Long-suffering public housing tenants in East Harlem and downtown Brooklyn will, per a promising new plan, be getting desperately needed new bathrooms, kitchens, windows and much more.

Those interviewed by the Daily News greeted the planned fixes not with exultation, not with “tell us more,” but with withering attacks on the authority.

Help? How dare they!

“I think they’re trying to force us out,” accused one resident at the Wyckoff Gardens project in Gowanus, Brooklyn.

Said a Manhattan tenant leader of plans for the Holmes Towers on the Upper East Side: “They’re nuts. They’re absolutely insane.”

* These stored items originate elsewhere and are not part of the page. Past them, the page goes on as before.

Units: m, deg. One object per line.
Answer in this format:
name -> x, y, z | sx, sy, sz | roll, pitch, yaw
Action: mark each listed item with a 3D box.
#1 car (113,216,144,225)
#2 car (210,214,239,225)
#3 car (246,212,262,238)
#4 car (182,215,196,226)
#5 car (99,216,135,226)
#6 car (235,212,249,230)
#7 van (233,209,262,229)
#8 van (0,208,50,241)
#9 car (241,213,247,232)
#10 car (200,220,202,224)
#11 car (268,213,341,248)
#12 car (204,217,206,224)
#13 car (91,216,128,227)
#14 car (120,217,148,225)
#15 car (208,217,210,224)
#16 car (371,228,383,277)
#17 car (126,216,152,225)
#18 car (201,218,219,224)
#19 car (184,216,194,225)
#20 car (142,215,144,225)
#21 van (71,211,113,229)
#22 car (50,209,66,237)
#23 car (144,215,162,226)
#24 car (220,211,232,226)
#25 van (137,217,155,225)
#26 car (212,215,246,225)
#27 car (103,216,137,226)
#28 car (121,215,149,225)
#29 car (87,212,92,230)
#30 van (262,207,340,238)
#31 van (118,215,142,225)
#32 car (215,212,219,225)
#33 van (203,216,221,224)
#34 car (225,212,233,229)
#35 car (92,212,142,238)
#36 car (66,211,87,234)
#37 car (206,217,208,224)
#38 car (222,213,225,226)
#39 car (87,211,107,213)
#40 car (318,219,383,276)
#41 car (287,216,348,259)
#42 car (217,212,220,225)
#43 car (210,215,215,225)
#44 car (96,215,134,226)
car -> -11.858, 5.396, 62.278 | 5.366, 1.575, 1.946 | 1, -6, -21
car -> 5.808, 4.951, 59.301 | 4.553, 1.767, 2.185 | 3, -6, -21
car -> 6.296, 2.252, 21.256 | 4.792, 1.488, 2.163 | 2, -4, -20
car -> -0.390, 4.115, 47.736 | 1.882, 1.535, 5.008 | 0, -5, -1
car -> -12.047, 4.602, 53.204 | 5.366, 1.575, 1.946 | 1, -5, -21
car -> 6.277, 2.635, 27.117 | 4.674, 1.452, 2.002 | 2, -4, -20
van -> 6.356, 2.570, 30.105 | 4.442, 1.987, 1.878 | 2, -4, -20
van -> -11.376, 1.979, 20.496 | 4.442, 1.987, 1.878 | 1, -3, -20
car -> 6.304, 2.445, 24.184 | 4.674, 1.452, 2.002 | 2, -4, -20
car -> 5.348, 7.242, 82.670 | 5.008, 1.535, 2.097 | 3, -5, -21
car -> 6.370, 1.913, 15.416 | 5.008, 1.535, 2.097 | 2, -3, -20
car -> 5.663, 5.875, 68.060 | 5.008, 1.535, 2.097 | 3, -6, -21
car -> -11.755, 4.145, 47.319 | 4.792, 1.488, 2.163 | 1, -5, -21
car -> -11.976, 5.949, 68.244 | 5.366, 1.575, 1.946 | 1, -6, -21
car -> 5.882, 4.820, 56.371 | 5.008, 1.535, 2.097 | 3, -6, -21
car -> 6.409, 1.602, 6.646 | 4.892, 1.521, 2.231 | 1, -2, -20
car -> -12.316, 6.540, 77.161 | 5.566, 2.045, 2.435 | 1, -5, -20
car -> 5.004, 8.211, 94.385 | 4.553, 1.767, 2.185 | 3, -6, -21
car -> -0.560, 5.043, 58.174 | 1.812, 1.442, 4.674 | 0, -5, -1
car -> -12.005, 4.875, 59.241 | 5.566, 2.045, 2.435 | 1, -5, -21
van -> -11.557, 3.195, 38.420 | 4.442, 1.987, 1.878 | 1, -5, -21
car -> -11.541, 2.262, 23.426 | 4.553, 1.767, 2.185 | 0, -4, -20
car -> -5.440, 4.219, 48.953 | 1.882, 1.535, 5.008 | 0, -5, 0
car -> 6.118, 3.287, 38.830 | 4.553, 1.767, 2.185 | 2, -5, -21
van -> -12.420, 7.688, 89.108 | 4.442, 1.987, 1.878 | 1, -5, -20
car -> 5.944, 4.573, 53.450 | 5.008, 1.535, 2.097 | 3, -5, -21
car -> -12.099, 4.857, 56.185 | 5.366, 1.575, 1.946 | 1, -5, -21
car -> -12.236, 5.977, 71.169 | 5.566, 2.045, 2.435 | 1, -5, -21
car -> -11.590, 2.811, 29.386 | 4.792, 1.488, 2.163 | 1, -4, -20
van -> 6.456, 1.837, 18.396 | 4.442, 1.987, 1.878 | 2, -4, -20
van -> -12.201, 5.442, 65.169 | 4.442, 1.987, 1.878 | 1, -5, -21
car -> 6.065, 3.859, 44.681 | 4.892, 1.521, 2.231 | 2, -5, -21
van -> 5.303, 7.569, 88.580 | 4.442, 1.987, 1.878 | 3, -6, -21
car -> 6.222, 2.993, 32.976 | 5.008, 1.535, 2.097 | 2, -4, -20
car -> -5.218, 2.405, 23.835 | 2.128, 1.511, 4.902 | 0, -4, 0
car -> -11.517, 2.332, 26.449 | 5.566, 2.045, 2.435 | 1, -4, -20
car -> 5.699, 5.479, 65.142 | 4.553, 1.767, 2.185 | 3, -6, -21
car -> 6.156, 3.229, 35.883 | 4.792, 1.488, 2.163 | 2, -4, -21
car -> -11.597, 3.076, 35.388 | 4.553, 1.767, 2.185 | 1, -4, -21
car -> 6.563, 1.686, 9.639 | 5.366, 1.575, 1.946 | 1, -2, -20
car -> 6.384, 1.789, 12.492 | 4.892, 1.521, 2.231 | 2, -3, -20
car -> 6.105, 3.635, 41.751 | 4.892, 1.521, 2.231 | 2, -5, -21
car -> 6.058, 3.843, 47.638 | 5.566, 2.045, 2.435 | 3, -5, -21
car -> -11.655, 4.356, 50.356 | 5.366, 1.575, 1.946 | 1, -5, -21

Tenants are up in arms because dead-broke NYCHA intends to pay for the overhauls by leasing land within each project to developers, who could build hundreds of new apartments at each site on the proviso that they would keep half the new units affordable.

NYCHA envisions turning underused parking lots and a playground (to be moved and rebuilt) into cash. A fine idea, as it was when the Bloomberg administration floated similar plans with a smaller share of affordable housing.

Anyone with a better plan for helping NYCHA begin to fill a $17 billion repair-budget hole had better pipe up now.

No, not you, Rep. Carolyn Maloney. Knowing full well that her Congress has for years starved NYCHA of repair funds, she nonetheless slammed the authority for stealing “light, air and playground space.”

Unhelpful. Because there’s no such thing as a NYCHA fairy who will pay to keep the authority’s aging buildings habitable.

NYCHA Chair Shola Olatoye appears steeled to stay the course. Mayor de Blasio should stand solidly by her, ignore fear-mongering nay-sayers and make sure that an agency with a tradition of mismanagement gets this one right.